We can define our join operation this way:
java CopperStore rateStore = Copper.store("Rates").joinToCube().withMapping("Base cur.", "Currency");
Then you can define a lookup measure corresponding to the values or the "Rate" field of the Rates store, and publish it to the cube:
Copper.newLookupMeasure(rateStore.field("Rate")).withName("rate.value").publish(context);
Now the measure rate.value
exists and returns the content of the Rate field for queried
locations.
However, rate.value
makes sense only when both a Currency AND a Target currency are expressed (it's
in the key fields of the joined store). Therefore, a single-level hierarchy corresponding to the target currency
members was added to the cube to be able to query rate.value
.
Here are the results of querying rate.value
for several locations:
TradeID | Currency | Target cur. | rate.value |
---|---|---|---|
(ALL) | (ALL) | (ALL) | null |
(ALL) | EUR | (ALL) | null |
(ALL) | (ALL) | USD | null |
(ALL) | EUR | USD | 1.101 |
(ALL) | USD | USD | 1 |
1 | (ALL) | (ALL) | null |
1 | (ALL) | EUR | null |
1 | USD | EUR | 0.91 |
1 | EUR | EUR | 1 |
Aggregated measures
Aggregated measures based on fields of a joined store can be defined by calling Copper.agg(CopperStoreField field, String aggregationPluginKey)
.
For each location of the query, the value of the datastore result for the requested field are aggregated following the logic of the provided aggregate function.

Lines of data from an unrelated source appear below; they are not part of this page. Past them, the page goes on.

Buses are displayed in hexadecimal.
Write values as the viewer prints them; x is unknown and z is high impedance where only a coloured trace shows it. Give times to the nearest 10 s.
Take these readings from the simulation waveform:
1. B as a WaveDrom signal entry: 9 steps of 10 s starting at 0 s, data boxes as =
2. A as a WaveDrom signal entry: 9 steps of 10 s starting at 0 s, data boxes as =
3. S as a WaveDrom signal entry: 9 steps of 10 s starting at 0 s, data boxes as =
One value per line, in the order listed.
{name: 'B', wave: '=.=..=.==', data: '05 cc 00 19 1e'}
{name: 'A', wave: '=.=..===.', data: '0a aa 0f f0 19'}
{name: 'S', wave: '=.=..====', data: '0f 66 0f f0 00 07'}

Unlike lookup measures, an aggregated measure returns values even if a level mapped to a key of the store is not expressed in the query.
As a basic example, let us consider a base store containing product prices and an isolated store containing our competitors prices:
Product store :(k) - key field
Id (k) | Price |
---|---|
1 | 10.0 |
2 | 5.0 |
3 | 7.0 |
4 | 1.0 |
Competitor store: (k) - key field
ProductID (k) | Competitor (k) | Price |
---|---|---|
1 | A | 10.0 |
1 | B | 11.0 |
1 | C | 15.0 |
2 | A | 4.0 |
2 | B | 5.5 |
2 | C | 6.5 |
3 | A | 6.0 |
3 | B | 8.0 |
4 | C | 1.2 |
Let us consider a cube with a single level hierarchy based on the field 'Id'. There is a one-to-many relationship
between the Product store and the Competitor store, thus, we cannot define a regular reference in our datastore
configuration to compute for instance the average price of our competitors.

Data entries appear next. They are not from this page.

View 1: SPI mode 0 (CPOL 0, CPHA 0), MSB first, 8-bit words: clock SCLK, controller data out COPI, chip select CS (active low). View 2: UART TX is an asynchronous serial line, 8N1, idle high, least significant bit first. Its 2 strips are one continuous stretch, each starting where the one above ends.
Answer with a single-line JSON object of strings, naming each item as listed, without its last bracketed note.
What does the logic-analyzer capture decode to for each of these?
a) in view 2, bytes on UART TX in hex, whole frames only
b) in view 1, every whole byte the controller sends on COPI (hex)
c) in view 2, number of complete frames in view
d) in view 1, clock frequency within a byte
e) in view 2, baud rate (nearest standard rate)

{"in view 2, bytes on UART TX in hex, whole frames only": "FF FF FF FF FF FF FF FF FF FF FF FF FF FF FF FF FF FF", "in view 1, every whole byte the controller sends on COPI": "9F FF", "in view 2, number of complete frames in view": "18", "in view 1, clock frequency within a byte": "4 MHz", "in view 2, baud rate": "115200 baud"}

However, this relation can be resolved by Copper on-the-fly, at query time thanks to a join operation:
CopperStore competitorStore = Copper.store("CompetitorStore").joinToCube().withMapping("Id", "ProductID");
Then, it is possible to define a measure corresponding to the average price values of the competitors and publish it to the cube :
Copper.avg(competitorStore.field("Price")).as("competitorAvgPrice").publish(context);
Now the measure competitorAvgPrice
exists and can be queried for every locations.
Id | competitorAvgPrice |
---|---|
(ALL) | 7.467 |
1 | 12.0 |
2 | 5.33 |
3 | 7.0 |
4 | 1.2 |
Or, looking at the newly published analysis hierarchy CompetitorID
from the store's key field Competitor
:
Competitor | competitorAvgPrice |
---|---|
(ALL) | 7.467 |
A | 6.667 |
B | 8.167 |
C | 7.567 |
Advanced topics
Multiple join
With the Copper API it is possible to join the same store of the datastore to the same cube with multiple join operations, as long as the join operations,
defined by the CopperStore
object are different.
Using multiple store with Datastore references
While the Copper API does not allow to perform "chained" join operations, it is possible to access data from multiple isolated stores if they are linked together with datastore references.
Using Factless Levels in the mapping of the join
For now it is not possible to define join operations using factless levels of the cube in the join mapping.